The hepatoprotective effects of 𝘔𝘰𝘳𝘪𝘯𝘨𝘢 𝘰𝘭𝘦𝘪𝘧𝘦𝘳𝘢 against antiretroviral-induced cytotoxicity in HepG₂ cells

Abstract

𝗜𝗻𝘁𝗿𝗼𝗱𝘂𝗰𝘁𝗶𝗼𝗻: The untreated human immunodeficiency virus (HIV), a lentivirus species that attacks immune cells, causes acquired immunodeficiency syndrome (AIDS). HIV/AIDS is managed by Antiretroviral therapy (ART). The ART regimen contains nucleoside reverse transcriptase inhibitors (NRTIs) associated with oxidative stress. Medicinal plants are often combined with ART to diminish the side effects of ART use. The 𝘔𝘰𝘳𝘪𝘯𝘨𝘢 𝘰𝘭𝘦𝘪𝘧𝘦𝘳𝘢 (MO) tree extracts have been shown to contain bioactive compounds with antioxidant effects.

𝗔𝗶𝗺: This 𝘪𝘯 𝘷𝘪𝘵𝘳𝘰 study evaluated the cytotoxicity of an NRTI (tenofovir) and its potential amelioration by MO leaf extract.

𝗠𝗲𝘁𝗵𝗼𝗱𝘀: HepG₂ cells were exposed to tenofovir, MO, and combination (tenofovir and MO) treatment groups for 24 and 120 hours.
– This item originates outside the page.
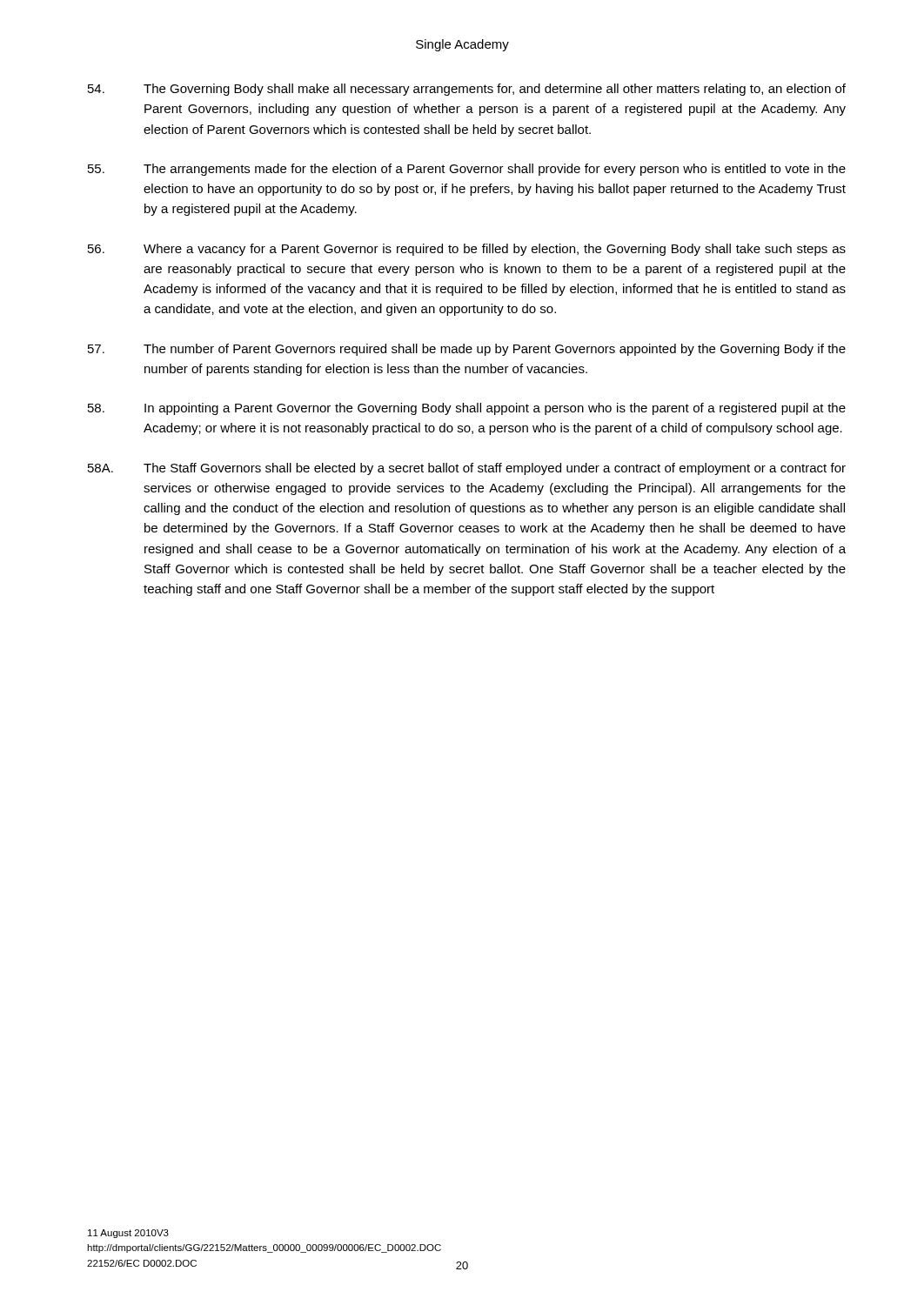924x1305 pixels.
Task: Click on the region starting "58A. The Staff Governors shall be elected"
Action: [x=466, y=528]
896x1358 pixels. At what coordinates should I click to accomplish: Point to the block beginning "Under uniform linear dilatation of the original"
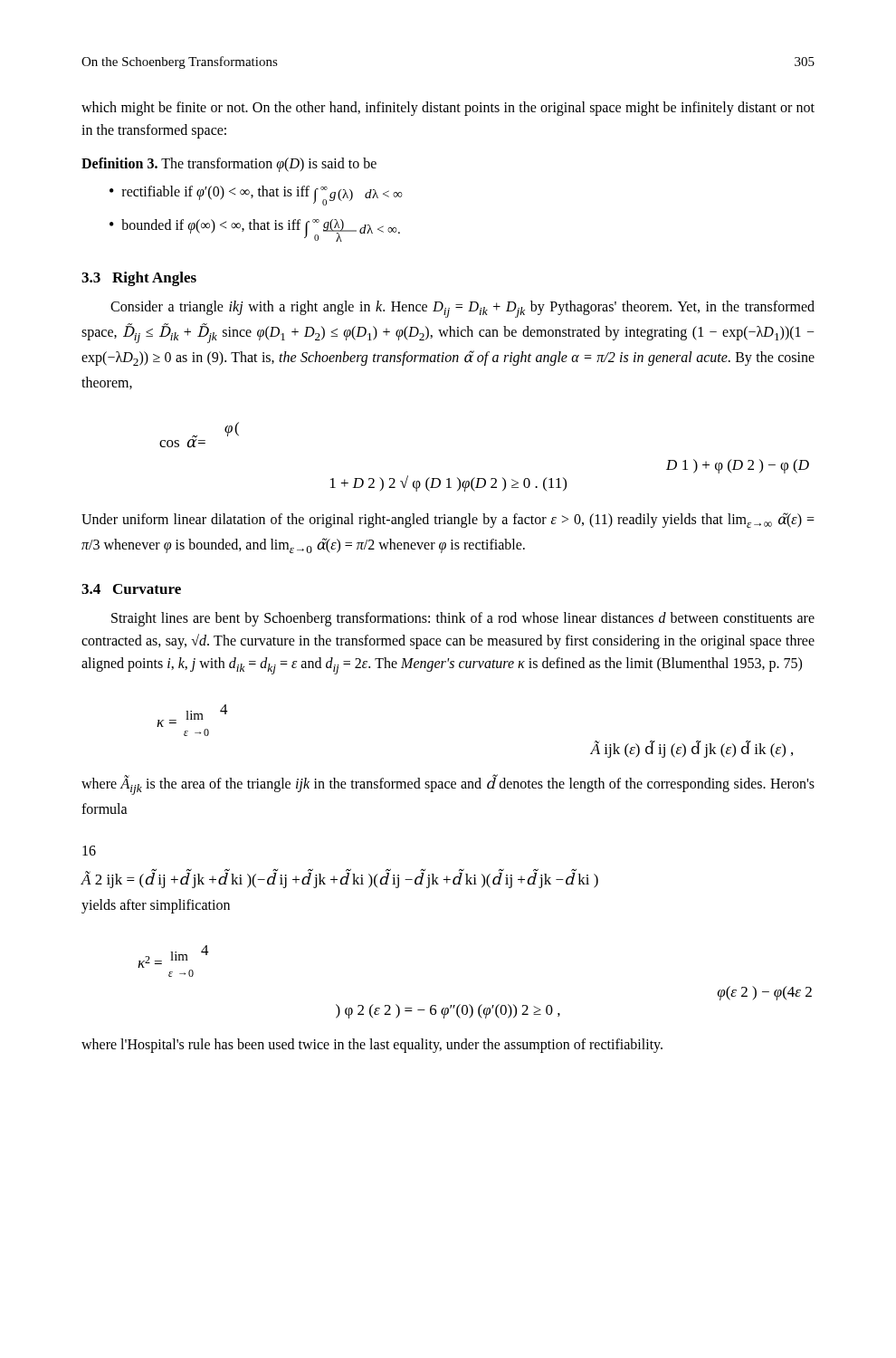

MO aqueous leaf extract was prepared, and cytotoxicity was assessed. Markers for oxidative stress and antioxidant response were assessed using spectrophotometry, luminometry, ELISA, qPCR, and western blotting experimental techniques.

𝗥𝗲𝘀𝘂𝗹𝘁𝘀: At 24 hours, tenofovir decreased MDA 𝘕𝘙𝘍2, 𝘚𝘖𝘋2, 𝘊𝘈𝘛 mRNA, and NRF2, SOD2, and CAT protein expression. It then increased GSH, 𝘎𝘊𝘓𝘊 mRNA and p-NRF2 protein expression. MO decreased GSH levels, NRF2, 𝘎𝘊𝘓𝘊, and 𝘚𝘖𝘋2 mRNA expression and increased 𝘊𝘈𝘛 mRNA, as well as NRF2, p-NRF2, SOD2, and CAT protein expression. At 120 hours, tenofovir increased MDA, NRF2 mRNA, NRF2, p-NRF2, and SOD2 protein expression. It then decreased GSH levels, 𝘎𝘊𝘓𝘊, 𝘚𝘖𝘋2, 𝘊𝘈𝘛 mRNA and CAT protein expression. MO decreased MDA and GSH levels, NRF2 and CAT protein expression. It then increased 𝘕𝘙𝘍2, 𝘎𝘊𝘓𝘊, 𝘚𝘖𝘋2, 𝘊𝘈𝘛 mRNA, p-NRF2, and SOD2 protein expression. The combination treatment group downregulated MDA and upregulated the expression of NRF2, 𝘎𝘊𝘓𝘊, 𝘚𝘖𝘋2, 𝘊𝘈𝘛 mRNA and NRF2, p-NRF2, SOD2, and CAT proteins.

𝗖𝗼𝗻𝗰𝗹𝘂𝘀𝗶𝗼𝗻: Adding MO to tenofovir downregulates reactive oxygen species by upregulating the NRF2-antioxidant pathway to reduce oxidative stress. Therefore, MO has the potential to ameliorate toxicity induced by tenofovir.